The output is the lines below from the one with "Image width covers" through the one with "#1 mayonnaise bottle [865,463,927,504]", both included, printed exactly and with no other line.

MATERIAL SUPPLIED Block Start

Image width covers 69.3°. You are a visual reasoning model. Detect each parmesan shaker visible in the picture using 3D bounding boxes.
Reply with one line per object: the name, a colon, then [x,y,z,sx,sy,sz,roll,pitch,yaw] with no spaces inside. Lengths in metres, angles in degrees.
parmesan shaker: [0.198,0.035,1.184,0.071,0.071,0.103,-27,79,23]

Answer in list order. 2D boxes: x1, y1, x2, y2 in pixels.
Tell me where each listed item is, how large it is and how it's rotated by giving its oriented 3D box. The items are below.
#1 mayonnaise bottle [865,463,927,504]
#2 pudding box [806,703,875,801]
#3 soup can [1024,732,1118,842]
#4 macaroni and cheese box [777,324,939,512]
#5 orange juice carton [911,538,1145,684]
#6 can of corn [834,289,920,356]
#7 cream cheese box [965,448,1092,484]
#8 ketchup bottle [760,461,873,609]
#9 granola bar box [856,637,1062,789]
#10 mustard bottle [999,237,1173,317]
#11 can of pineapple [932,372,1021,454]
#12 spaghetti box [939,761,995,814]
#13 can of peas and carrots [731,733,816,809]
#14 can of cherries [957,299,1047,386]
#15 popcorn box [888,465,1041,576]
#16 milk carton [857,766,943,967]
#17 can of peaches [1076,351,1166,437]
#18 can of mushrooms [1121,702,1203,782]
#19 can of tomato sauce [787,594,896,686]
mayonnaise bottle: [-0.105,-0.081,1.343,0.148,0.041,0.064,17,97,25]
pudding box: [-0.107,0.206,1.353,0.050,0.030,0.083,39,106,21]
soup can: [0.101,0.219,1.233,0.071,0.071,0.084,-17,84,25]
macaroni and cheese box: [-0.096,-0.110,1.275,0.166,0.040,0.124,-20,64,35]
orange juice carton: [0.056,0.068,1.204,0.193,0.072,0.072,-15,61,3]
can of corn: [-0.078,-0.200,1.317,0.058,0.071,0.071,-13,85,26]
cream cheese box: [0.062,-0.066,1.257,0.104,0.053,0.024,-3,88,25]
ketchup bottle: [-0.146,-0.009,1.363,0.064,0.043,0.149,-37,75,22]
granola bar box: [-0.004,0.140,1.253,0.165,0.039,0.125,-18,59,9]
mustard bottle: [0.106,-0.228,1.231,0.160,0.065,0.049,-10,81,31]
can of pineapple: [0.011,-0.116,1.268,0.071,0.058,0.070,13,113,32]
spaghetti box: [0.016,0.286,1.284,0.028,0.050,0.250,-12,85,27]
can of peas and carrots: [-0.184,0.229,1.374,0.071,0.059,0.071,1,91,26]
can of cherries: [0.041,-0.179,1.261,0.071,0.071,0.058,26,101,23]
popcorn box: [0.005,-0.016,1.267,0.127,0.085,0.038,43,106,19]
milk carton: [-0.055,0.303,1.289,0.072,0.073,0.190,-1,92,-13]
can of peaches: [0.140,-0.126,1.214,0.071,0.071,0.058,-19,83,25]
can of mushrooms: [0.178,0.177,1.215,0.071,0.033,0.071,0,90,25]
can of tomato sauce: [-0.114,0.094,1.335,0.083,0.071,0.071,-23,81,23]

MATERIAL SUPPLIED Block End
MATERIAL SUPPLIED Block Start

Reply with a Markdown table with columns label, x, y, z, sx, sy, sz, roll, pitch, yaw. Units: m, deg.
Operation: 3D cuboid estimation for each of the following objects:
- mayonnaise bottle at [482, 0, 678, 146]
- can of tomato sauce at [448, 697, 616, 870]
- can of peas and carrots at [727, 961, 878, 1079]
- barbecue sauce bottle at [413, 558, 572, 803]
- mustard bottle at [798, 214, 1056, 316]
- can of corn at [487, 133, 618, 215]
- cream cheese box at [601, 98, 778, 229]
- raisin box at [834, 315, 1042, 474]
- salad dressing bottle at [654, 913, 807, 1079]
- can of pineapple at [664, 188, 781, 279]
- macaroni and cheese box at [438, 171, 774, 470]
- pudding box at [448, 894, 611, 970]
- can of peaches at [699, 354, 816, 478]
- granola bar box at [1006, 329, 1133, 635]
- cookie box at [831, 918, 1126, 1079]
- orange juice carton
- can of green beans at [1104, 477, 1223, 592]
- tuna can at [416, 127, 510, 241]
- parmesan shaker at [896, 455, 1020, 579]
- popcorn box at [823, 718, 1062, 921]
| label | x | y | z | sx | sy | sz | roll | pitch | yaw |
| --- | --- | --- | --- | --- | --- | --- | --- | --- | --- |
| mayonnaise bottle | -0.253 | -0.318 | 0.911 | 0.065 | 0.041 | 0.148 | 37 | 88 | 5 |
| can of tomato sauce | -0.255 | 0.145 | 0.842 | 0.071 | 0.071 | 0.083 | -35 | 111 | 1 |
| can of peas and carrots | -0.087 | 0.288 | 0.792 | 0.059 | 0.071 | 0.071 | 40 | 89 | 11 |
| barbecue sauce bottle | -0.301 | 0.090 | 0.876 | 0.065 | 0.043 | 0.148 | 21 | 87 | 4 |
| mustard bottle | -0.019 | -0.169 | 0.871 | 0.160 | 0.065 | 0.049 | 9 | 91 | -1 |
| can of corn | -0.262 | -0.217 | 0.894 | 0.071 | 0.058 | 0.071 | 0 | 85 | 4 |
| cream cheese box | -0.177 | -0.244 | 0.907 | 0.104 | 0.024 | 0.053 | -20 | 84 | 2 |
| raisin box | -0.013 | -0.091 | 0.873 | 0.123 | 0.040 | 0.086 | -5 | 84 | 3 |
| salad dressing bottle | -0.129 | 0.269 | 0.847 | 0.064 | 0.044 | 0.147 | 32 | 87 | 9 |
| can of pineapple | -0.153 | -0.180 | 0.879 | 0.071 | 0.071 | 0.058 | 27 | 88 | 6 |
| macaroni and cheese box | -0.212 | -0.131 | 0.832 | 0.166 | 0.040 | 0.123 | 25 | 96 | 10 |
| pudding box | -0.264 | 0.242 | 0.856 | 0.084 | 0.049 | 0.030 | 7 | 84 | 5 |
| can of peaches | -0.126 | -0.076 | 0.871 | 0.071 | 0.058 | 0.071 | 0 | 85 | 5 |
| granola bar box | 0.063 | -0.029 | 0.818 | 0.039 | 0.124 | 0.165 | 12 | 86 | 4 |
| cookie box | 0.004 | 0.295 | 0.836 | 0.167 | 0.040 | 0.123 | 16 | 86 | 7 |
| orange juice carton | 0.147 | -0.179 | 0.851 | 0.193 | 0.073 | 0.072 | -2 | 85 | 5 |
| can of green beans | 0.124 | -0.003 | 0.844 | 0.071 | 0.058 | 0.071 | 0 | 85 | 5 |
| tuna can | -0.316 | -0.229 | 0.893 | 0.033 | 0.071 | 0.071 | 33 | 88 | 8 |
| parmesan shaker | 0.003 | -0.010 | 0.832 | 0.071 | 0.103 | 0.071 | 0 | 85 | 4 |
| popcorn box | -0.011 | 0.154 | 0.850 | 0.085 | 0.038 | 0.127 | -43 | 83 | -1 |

MATERIAL SUPPLIED Block End

THE COMPLETED TASK >>
Image width covers 69.3°. You are a visual reasoning model. Detect each parmesan shaker visible in the picture using 3D bounding boxes.
Reply with one line per object: the name, a colon, then [x,y,z,sx,sy,sz,roll,pitch,yaw] with no spaces inside. Lengths in metres, angles in degrees.
parmesan shaker: [0.198,0.035,1.184,0.071,0.071,0.103,-27,79,23]

Answer in list order. 2D boxes: x1, y1, x2, y2 in pixels.
Tell me where each listed item is, how large it is and how it's rotated by giving its oriented 3D box. The items are below.
#1 mayonnaise bottle [865,463,927,504]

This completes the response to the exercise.